** Task input follows **

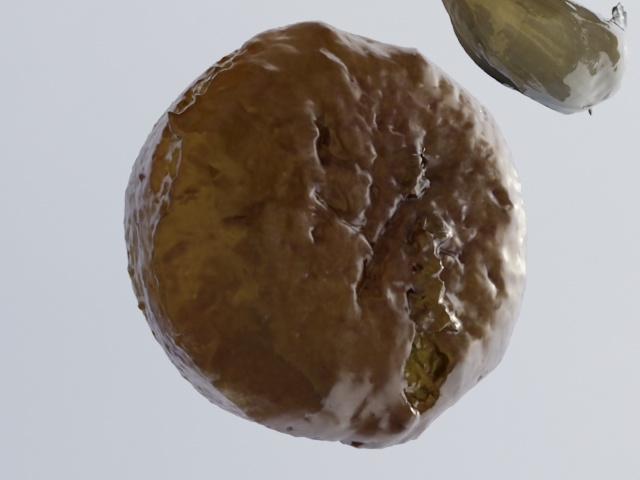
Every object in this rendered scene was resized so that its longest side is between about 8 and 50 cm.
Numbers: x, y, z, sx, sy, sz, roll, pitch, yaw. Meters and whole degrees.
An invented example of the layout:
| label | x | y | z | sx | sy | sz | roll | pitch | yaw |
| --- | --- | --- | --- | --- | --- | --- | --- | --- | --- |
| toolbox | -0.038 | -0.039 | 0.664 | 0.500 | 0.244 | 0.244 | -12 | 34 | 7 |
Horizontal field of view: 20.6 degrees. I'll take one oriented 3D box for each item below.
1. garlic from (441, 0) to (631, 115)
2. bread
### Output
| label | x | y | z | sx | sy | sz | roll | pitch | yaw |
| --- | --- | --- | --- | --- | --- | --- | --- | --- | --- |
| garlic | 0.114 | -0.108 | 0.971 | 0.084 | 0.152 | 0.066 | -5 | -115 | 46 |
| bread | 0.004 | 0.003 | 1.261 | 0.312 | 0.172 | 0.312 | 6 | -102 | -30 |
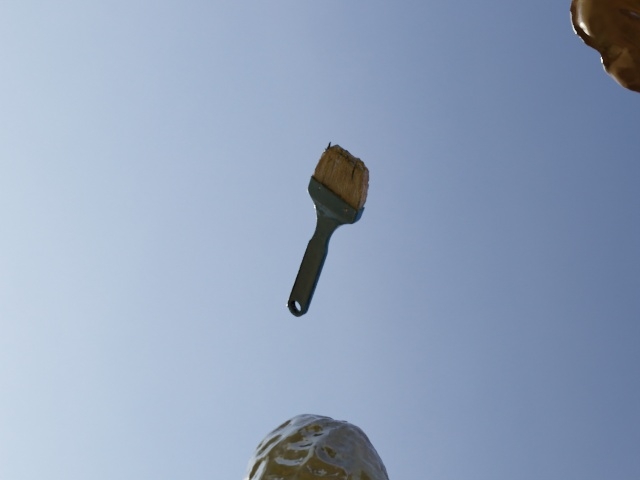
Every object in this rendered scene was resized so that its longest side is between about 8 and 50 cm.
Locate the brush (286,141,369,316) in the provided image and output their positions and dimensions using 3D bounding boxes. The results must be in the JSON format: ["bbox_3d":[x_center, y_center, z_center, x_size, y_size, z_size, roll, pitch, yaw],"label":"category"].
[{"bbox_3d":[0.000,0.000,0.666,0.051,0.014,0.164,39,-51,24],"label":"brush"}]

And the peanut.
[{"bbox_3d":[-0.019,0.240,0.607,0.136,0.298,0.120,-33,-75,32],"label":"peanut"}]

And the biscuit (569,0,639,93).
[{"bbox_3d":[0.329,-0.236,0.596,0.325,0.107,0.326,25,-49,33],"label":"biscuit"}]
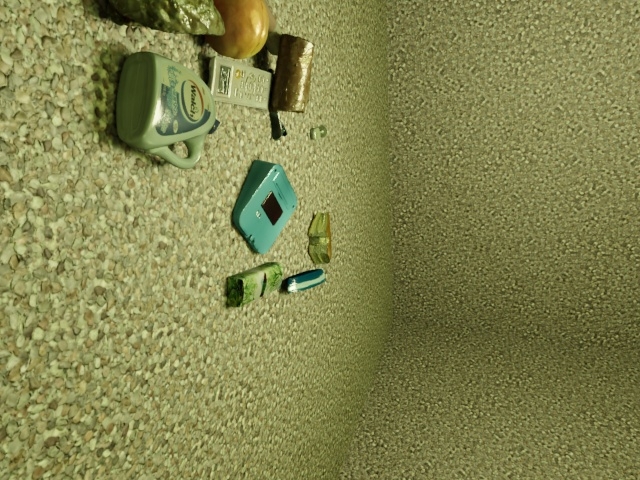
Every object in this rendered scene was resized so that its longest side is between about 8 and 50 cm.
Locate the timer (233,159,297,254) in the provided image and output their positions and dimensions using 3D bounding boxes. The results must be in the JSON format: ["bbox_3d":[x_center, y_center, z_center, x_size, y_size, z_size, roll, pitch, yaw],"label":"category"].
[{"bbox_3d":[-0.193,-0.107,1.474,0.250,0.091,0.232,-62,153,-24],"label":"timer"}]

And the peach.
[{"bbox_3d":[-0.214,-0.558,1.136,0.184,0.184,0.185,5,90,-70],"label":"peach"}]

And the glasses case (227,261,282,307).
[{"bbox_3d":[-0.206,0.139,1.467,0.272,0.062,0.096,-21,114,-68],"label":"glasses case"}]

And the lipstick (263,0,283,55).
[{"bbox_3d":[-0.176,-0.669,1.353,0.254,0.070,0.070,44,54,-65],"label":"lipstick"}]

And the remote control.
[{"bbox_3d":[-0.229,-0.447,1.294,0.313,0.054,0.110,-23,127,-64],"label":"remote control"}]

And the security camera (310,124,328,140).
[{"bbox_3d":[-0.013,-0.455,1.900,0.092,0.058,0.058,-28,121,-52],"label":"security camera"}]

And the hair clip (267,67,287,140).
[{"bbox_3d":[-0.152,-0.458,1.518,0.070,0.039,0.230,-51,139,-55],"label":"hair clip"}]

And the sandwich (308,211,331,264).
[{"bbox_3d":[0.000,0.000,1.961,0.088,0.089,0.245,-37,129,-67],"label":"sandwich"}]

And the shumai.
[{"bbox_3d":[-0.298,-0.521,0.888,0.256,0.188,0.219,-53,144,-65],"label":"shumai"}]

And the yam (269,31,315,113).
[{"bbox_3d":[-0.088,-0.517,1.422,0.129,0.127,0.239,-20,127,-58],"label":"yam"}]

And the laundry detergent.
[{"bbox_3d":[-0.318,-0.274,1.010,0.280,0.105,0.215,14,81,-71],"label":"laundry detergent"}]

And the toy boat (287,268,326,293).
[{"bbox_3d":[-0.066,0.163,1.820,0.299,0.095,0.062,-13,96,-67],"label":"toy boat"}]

** End of Task input **

__Try it__. Please transcribe the listing above verbatim and exclude every picture.

__Reply to the exercise__.
Every object in this rendered scene was resized so that its longest side is between about 8 and 50 cm.
Numbers: x, y, z, sx, sy, sz, roll, pitch, yaw. Meters and whole degrees.
An invented example of the layout:
| label | x | y | z | sx | sy | sz | roll | pitch | yaw |
| --- | --- | --- | --- | --- | --- | --- | --- | --- | --- |
| toolbox | -0.038 | -0.039 | 0.664 | 0.500 | 0.244 | 0.244 | -12 | 34 | 7 |
Horizontal field of view: 20.6 degrees. I'll take one oriented 3D box for each item below.
1. garlic from (441, 0) to (631, 115)
2. bread
### Output
| label | x | y | z | sx | sy | sz | roll | pitch | yaw |
| --- | --- | --- | --- | --- | --- | --- | --- | --- | --- |
| garlic | 0.114 | -0.108 | 0.971 | 0.084 | 0.152 | 0.066 | -5 | -115 | 46 |
| bread | 0.004 | 0.003 | 1.261 | 0.312 | 0.172 | 0.312 | 6 | -102 | -30 |
Every object in this rendered scene was resized so that its longest side is between about 8 and 50 cm.
Locate the brush (286,141,369,316) in the provided image and output their positions and dimensions using 3D bounding boxes. The results must be in the JSON format: ["bbox_3d":[x_center, y_center, z_center, x_size, y_size, z_size, roll, pitch, yaw],"label":"category"].
[{"bbox_3d":[0.000,0.000,0.666,0.051,0.014,0.164,39,-51,24],"label":"brush"}]

And the peanut.
[{"bbox_3d":[-0.019,0.240,0.607,0.136,0.298,0.120,-33,-75,32],"label":"peanut"}]

And the biscuit (569,0,639,93).
[{"bbox_3d":[0.329,-0.236,0.596,0.325,0.107,0.326,25,-49,33],"label":"biscuit"}]
Every object in this rendered scene was resized so that its longest side is between about 8 and 50 cm.
Locate the timer (233,159,297,254) in the provided image and output their positions and dimensions using 3D bounding boxes. The results must be in the JSON format: ["bbox_3d":[x_center, y_center, z_center, x_size, y_size, z_size, roll, pitch, yaw],"label":"category"].
[{"bbox_3d":[-0.193,-0.107,1.474,0.250,0.091,0.232,-62,153,-24],"label":"timer"}]

And the peach.
[{"bbox_3d":[-0.214,-0.558,1.136,0.184,0.184,0.185,5,90,-70],"label":"peach"}]

And the glasses case (227,261,282,307).
[{"bbox_3d":[-0.206,0.139,1.467,0.272,0.062,0.096,-21,114,-68],"label":"glasses case"}]

And the lipstick (263,0,283,55).
[{"bbox_3d":[-0.176,-0.669,1.353,0.254,0.070,0.070,44,54,-65],"label":"lipstick"}]

And the remote control.
[{"bbox_3d":[-0.229,-0.447,1.294,0.313,0.054,0.110,-23,127,-64],"label":"remote control"}]

And the security camera (310,124,328,140).
[{"bbox_3d":[-0.013,-0.455,1.900,0.092,0.058,0.058,-28,121,-52],"label":"security camera"}]

And the hair clip (267,67,287,140).
[{"bbox_3d":[-0.152,-0.458,1.518,0.070,0.039,0.230,-51,139,-55],"label":"hair clip"}]

And the sandwich (308,211,331,264).
[{"bbox_3d":[0.000,0.000,1.961,0.088,0.089,0.245,-37,129,-67],"label":"sandwich"}]

And the shumai.
[{"bbox_3d":[-0.298,-0.521,0.888,0.256,0.188,0.219,-53,144,-65],"label":"shumai"}]

And the yam (269,31,315,113).
[{"bbox_3d":[-0.088,-0.517,1.422,0.129,0.127,0.239,-20,127,-58],"label":"yam"}]

And the laundry detergent.
[{"bbox_3d":[-0.318,-0.274,1.010,0.280,0.105,0.215,14,81,-71],"label":"laundry detergent"}]

And the toy boat (287,268,326,293).
[{"bbox_3d":[-0.066,0.163,1.820,0.299,0.095,0.062,-13,96,-67],"label":"toy boat"}]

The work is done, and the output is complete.